Stored items
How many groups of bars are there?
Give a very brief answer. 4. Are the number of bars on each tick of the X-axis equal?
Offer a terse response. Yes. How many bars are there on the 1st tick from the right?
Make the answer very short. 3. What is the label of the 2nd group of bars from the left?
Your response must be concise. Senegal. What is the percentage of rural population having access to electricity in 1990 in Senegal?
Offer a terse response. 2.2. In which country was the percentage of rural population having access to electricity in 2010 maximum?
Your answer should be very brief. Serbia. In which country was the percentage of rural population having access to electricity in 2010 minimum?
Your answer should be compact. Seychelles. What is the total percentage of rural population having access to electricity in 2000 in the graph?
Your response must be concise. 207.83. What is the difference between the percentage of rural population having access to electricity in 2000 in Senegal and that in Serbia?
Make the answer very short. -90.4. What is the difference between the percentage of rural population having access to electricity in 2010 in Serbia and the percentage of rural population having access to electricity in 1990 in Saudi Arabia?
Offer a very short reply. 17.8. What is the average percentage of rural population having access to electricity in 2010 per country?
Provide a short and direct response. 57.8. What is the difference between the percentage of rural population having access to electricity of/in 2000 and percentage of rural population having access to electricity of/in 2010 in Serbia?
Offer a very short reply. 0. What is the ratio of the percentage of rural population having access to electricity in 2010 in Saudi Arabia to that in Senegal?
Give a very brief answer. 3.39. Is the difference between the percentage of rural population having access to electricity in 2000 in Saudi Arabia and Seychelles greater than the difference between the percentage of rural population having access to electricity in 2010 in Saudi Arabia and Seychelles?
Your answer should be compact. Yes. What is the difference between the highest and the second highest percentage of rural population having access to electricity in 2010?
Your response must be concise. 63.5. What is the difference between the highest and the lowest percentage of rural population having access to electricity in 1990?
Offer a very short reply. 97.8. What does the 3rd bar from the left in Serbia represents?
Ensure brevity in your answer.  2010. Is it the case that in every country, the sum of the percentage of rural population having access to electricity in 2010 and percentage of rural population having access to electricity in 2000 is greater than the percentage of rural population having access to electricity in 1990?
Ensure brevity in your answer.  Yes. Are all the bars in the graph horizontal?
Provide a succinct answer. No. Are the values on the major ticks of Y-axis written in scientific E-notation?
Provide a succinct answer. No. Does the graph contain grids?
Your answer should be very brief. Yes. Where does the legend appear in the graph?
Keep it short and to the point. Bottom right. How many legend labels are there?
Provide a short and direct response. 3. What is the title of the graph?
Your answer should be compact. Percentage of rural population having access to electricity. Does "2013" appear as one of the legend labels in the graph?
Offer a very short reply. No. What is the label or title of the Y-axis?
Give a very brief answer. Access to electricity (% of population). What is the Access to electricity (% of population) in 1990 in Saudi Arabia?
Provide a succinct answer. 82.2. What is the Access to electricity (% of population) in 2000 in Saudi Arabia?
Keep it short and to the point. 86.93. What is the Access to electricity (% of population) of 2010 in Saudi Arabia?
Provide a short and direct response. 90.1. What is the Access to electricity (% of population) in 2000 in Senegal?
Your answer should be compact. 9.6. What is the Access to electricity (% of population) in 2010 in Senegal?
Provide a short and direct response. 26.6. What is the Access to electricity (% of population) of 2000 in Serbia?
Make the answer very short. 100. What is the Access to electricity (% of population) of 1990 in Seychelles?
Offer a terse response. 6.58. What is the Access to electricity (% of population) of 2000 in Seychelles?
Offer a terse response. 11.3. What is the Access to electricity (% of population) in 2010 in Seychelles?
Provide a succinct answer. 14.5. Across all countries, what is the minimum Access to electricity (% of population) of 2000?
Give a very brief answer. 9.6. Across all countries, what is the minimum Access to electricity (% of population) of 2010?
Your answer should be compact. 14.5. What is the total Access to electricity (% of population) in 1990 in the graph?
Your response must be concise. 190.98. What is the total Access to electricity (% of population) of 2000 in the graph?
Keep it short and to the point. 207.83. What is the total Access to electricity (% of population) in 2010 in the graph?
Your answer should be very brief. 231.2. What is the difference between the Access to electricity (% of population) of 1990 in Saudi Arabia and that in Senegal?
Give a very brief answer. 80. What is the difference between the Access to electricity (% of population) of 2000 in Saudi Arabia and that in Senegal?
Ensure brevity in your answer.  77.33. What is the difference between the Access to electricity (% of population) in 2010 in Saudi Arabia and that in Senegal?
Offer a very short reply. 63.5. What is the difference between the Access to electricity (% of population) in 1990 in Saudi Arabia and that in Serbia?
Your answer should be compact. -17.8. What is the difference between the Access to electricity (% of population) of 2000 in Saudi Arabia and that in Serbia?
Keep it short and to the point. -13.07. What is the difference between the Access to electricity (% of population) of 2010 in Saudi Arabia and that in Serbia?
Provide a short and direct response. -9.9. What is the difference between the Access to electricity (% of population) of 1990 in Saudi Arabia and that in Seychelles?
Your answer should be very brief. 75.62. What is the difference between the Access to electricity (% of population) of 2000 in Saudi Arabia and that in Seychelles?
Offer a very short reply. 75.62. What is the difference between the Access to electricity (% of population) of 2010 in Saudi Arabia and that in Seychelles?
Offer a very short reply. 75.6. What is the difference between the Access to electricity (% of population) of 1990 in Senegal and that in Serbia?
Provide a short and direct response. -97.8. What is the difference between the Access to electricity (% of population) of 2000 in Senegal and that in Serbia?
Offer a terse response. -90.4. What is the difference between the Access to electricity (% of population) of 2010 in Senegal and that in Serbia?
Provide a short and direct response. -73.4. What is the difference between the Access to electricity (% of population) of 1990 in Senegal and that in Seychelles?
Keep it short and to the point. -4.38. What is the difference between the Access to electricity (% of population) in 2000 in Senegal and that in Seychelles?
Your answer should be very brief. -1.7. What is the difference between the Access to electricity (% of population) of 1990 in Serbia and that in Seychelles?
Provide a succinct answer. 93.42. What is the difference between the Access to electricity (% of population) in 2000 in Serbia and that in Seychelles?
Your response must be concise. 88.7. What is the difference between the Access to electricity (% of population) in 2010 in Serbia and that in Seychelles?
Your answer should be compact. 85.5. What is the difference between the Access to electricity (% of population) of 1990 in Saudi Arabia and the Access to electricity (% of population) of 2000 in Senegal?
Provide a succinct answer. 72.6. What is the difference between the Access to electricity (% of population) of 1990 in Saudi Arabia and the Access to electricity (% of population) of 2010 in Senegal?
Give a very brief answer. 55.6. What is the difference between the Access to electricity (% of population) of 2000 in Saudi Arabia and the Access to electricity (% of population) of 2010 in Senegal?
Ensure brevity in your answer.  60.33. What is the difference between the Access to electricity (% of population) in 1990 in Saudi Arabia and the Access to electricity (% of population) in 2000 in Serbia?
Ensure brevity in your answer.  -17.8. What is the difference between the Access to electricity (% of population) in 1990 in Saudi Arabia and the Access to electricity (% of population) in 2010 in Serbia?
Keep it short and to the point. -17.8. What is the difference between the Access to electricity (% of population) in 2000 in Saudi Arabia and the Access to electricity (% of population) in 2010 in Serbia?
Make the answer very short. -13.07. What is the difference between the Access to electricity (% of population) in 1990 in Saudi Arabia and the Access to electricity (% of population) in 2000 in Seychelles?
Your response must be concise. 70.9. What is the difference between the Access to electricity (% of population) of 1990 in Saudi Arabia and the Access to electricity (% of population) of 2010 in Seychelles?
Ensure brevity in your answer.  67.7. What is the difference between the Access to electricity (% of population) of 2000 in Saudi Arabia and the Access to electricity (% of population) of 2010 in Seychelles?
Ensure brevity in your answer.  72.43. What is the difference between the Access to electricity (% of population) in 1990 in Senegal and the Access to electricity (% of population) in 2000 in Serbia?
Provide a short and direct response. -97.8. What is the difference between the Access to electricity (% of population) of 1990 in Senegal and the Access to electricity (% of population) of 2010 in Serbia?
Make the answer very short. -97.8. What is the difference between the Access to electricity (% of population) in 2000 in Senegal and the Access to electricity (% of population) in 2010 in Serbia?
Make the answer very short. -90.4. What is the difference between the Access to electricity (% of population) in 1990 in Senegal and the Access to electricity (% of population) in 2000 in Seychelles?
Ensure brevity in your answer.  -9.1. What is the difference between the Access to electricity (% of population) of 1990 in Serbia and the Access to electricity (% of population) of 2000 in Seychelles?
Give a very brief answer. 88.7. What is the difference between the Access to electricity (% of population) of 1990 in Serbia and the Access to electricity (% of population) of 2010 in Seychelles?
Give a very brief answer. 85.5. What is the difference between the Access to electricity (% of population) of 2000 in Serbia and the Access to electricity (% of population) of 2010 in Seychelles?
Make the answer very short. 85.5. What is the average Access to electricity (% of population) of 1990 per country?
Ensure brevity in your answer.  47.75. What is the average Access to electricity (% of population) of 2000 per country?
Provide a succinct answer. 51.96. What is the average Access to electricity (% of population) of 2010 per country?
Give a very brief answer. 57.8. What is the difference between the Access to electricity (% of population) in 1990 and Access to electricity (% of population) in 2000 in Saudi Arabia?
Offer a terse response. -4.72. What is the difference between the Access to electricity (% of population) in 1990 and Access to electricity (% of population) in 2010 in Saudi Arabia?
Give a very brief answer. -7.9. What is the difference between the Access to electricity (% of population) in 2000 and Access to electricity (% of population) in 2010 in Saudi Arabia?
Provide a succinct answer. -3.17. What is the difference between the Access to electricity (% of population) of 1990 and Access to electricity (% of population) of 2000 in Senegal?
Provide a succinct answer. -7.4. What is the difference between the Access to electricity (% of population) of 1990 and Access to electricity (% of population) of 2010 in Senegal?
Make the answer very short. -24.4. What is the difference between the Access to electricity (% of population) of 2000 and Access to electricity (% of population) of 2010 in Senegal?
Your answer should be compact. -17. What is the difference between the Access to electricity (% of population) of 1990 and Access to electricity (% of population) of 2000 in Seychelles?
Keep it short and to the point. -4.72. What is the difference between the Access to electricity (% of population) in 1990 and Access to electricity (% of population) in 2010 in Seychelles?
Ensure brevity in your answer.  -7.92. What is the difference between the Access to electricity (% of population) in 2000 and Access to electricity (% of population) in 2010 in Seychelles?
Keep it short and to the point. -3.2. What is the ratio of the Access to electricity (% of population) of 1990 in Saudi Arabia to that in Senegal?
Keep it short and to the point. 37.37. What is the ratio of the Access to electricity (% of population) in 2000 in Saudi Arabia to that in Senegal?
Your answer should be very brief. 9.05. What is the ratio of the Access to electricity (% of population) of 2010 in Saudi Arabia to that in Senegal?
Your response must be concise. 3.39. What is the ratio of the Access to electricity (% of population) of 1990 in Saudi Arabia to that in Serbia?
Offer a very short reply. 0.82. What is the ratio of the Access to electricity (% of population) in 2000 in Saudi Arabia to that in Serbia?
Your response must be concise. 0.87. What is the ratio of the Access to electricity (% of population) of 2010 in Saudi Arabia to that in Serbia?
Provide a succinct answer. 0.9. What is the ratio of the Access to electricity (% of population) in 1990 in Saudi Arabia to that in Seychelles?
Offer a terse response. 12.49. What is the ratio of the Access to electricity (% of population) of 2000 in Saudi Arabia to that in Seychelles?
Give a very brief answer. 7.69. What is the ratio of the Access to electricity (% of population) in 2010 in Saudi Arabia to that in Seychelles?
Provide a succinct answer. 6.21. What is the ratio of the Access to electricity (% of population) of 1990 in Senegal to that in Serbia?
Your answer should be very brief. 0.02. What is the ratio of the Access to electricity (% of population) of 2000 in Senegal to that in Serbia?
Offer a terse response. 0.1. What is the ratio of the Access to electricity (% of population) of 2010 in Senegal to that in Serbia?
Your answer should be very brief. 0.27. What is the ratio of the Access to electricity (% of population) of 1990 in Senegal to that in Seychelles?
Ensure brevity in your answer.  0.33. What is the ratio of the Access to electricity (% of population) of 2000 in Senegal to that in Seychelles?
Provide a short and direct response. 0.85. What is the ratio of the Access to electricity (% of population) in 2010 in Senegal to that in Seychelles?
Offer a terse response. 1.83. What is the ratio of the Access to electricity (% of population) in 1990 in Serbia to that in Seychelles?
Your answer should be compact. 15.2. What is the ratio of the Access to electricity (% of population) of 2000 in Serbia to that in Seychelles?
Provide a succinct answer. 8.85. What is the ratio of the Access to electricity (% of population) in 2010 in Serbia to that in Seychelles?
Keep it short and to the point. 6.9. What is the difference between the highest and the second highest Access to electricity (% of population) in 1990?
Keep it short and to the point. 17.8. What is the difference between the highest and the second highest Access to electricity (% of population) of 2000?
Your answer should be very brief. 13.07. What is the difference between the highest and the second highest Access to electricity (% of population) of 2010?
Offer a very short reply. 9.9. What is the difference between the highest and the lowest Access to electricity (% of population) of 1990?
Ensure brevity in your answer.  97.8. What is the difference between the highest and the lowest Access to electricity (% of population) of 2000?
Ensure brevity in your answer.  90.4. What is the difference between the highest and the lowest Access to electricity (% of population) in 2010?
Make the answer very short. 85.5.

# PROMPT
In the entries above, find the line holding "2010. Is it" and the line holding "Your answer should be compact. Percentage", then retype exactly those two lines and every line between them, and nothing else.

# ANSWER SPACE
Ensure brevity in your answer.  2010. Is it the case that in every country, the sum of the percentage of rural population having access to electricity in 2010 and percentage of rural population having access to electricity in 2000 is greater than the percentage of rural population having access to electricity in 1990?
Ensure brevity in your answer.  Yes. Are all the bars in the graph horizontal?
Provide a succinct answer. No. Are the values on the major ticks of Y-axis written in scientific E-notation?
Provide a succinct answer. No. Does the graph contain grids?
Your answer should be very brief. Yes. Where does the legend appear in the graph?
Keep it short and to the point. Bottom right. How many legend labels are there?
Provide a short and direct response. 3. What is the title of the graph?
Your answer should be compact. Percentage of rural population having access to electricity. Does "2013" appear as one of the legend labels in the graph?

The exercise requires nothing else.